* [What you will do]
Return the following from the records below: each line, word for word, starting with the line that contains "I'm preparing labels" and going on through the line that contains "2. knife (454,723,1211,1025)", with nothing outside that range.

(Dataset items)
Content starts
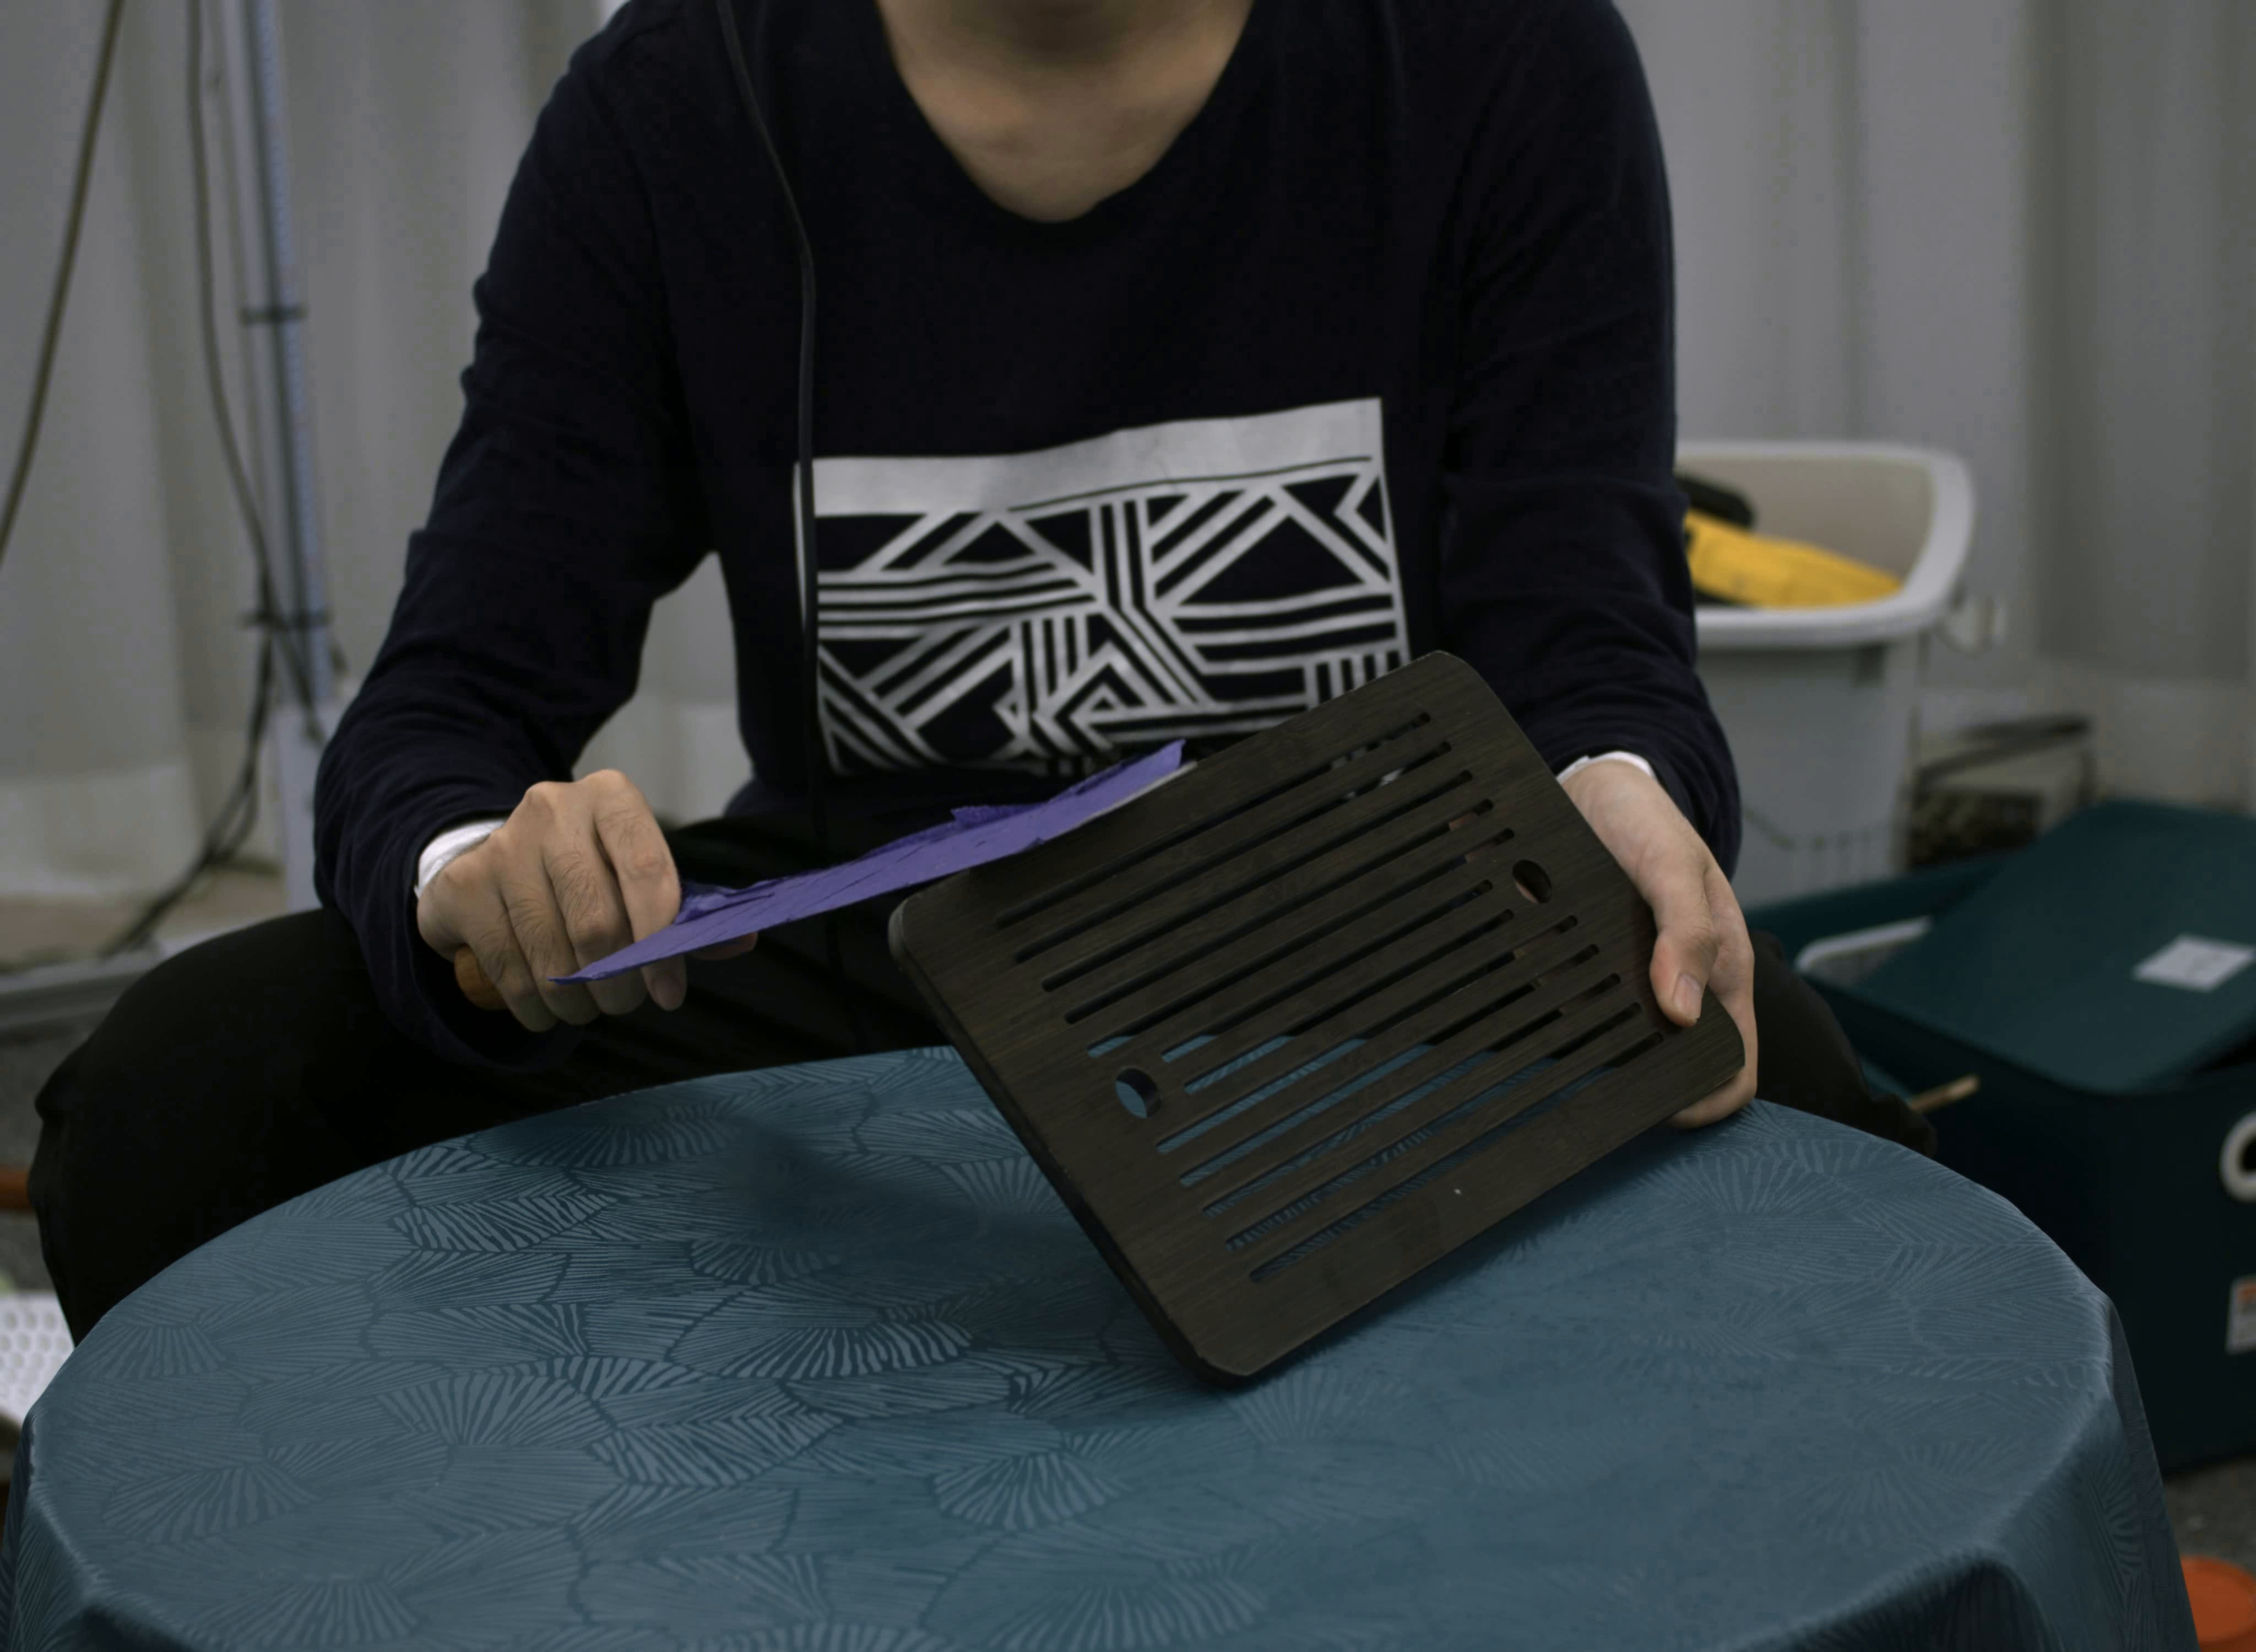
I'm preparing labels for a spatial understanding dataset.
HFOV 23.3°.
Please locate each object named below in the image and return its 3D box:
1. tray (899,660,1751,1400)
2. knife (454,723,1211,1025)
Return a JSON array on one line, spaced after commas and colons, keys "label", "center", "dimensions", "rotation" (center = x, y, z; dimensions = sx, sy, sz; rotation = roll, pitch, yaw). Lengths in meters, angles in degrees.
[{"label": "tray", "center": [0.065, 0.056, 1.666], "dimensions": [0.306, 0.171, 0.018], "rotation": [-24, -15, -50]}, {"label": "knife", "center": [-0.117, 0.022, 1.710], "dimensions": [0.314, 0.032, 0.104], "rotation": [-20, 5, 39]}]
Content ends
Content starts
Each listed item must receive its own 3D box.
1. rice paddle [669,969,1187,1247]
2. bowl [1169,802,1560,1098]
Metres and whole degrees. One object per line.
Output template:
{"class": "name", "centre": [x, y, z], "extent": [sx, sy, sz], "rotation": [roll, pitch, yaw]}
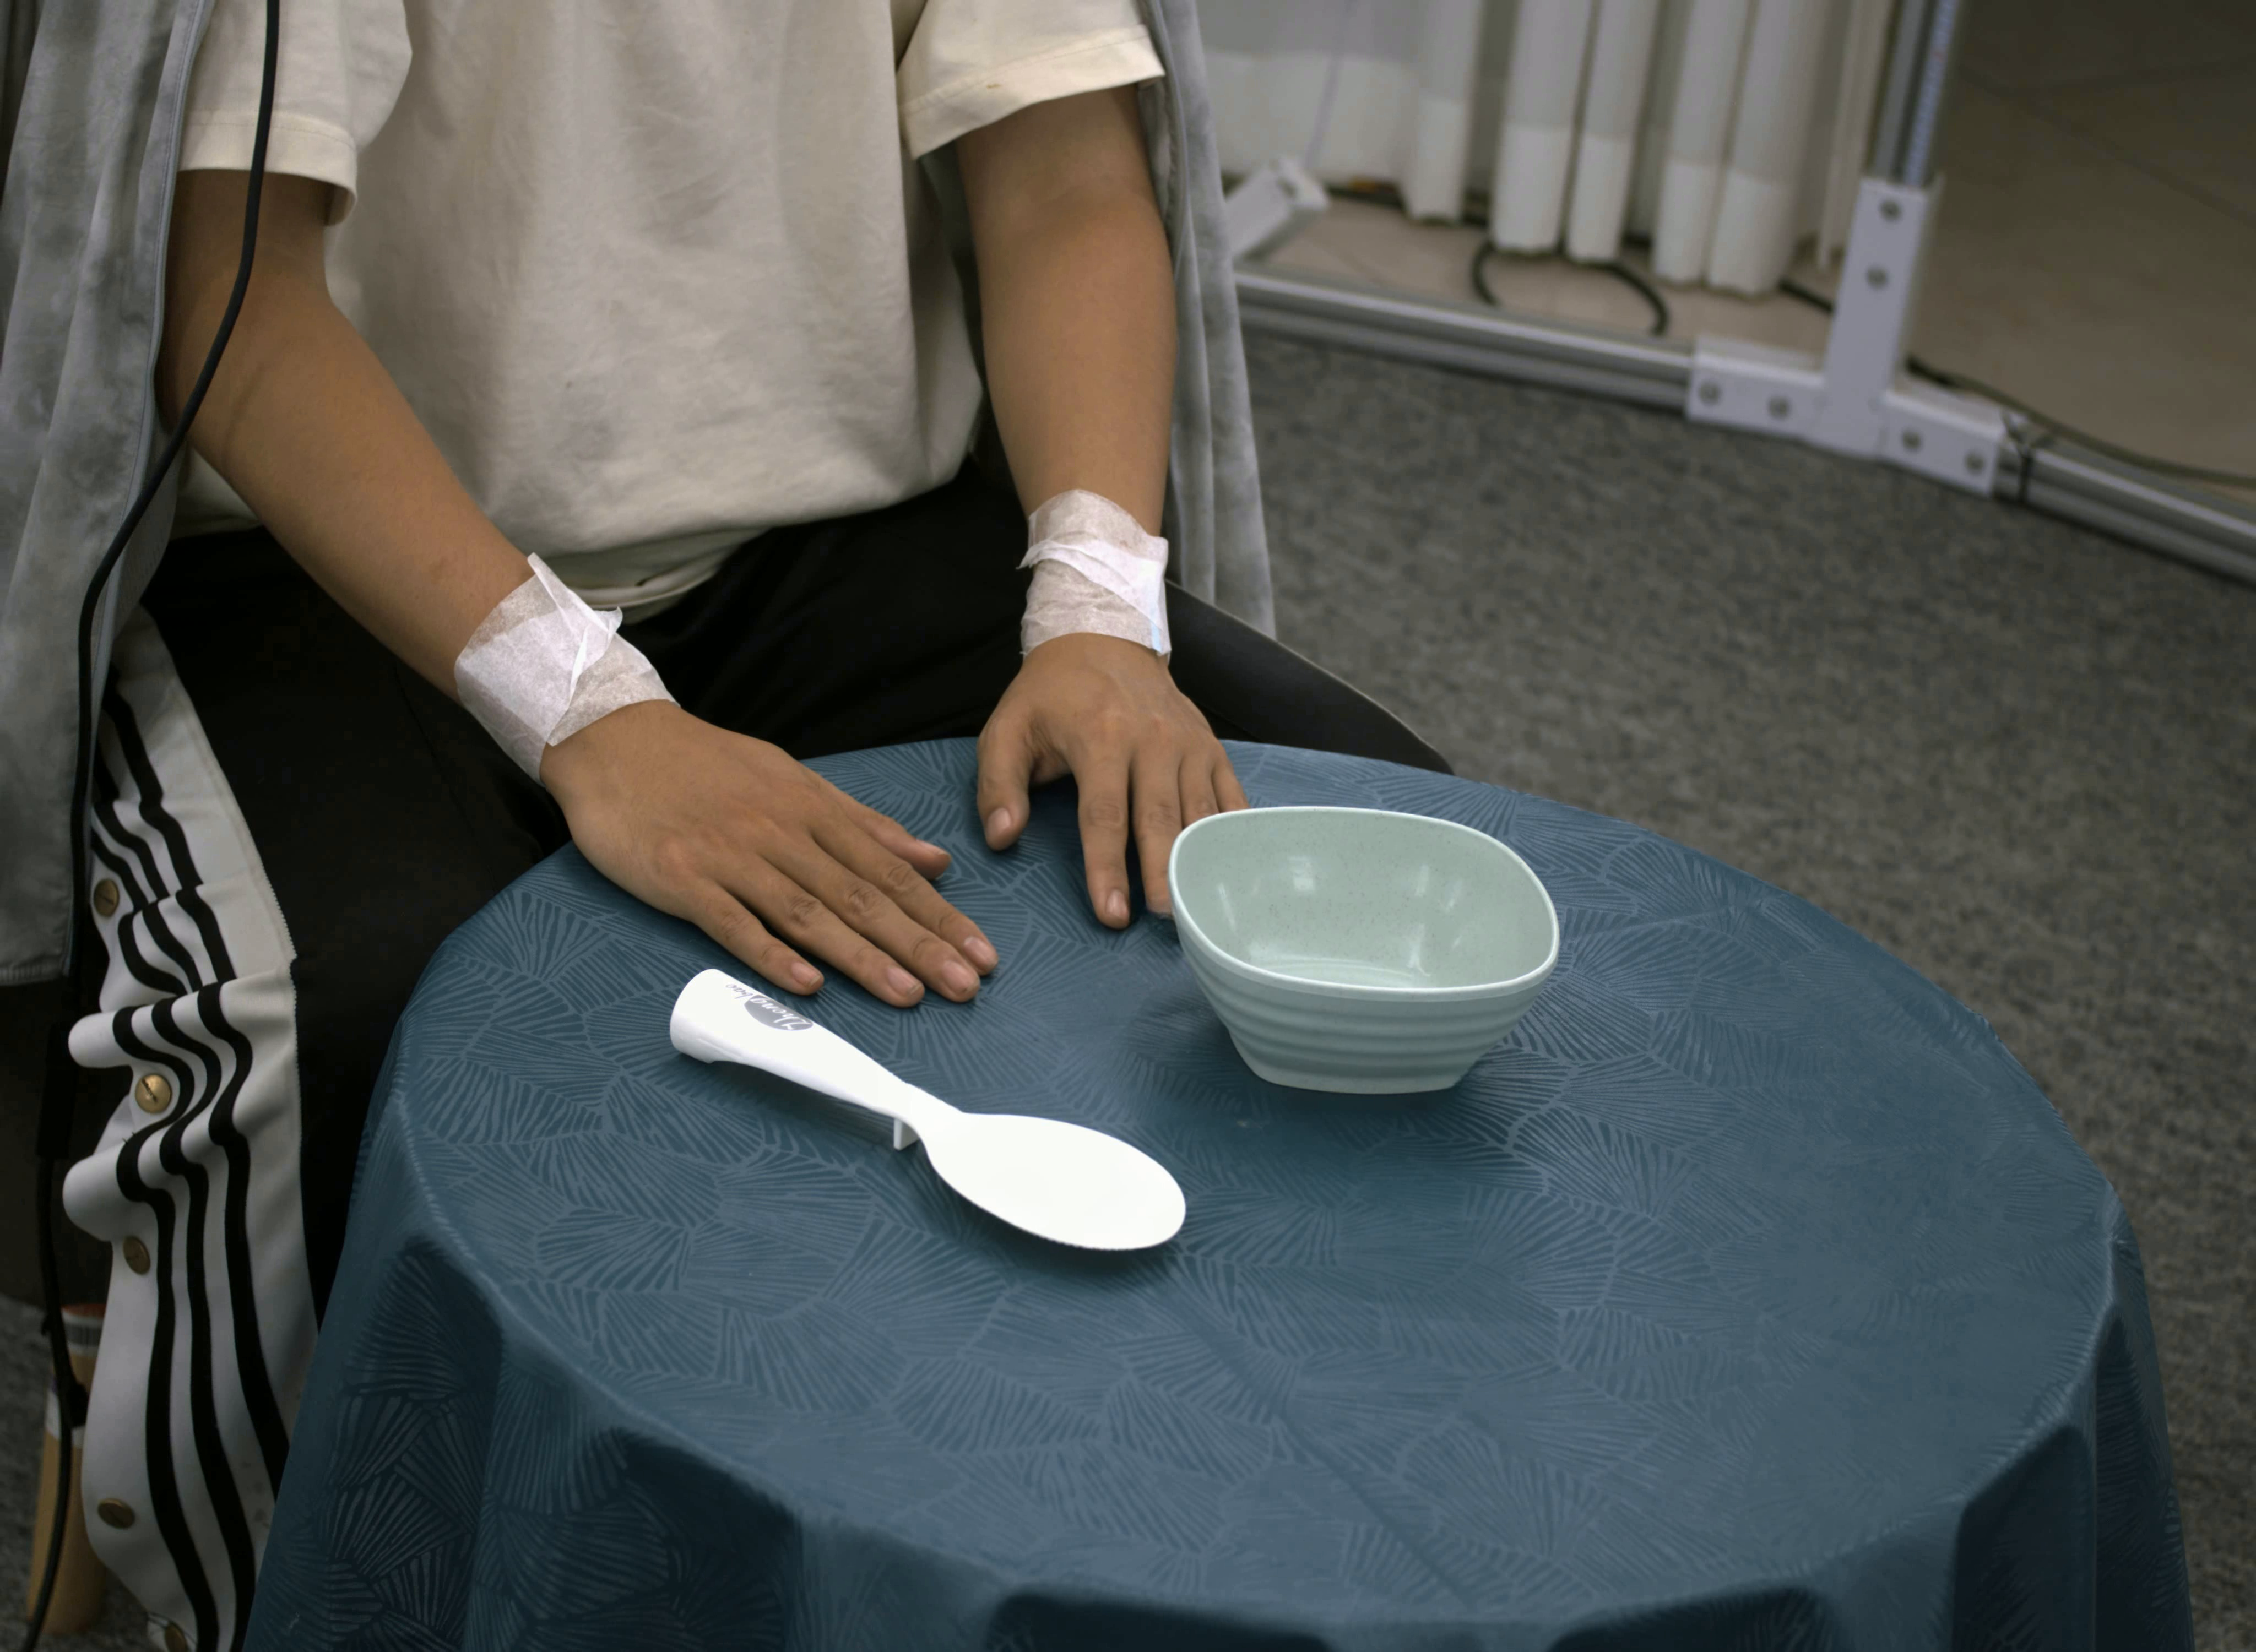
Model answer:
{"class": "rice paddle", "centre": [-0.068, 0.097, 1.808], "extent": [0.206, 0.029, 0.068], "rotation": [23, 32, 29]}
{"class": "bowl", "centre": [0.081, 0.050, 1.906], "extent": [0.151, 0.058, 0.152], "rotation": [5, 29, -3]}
Content ends
* [Answer]
I'm preparing labels for a spatial understanding dataset.
HFOV 23.3°.
Please locate each object named below in the image and return its 3D box:
1. tray (899,660,1751,1400)
2. knife (454,723,1211,1025)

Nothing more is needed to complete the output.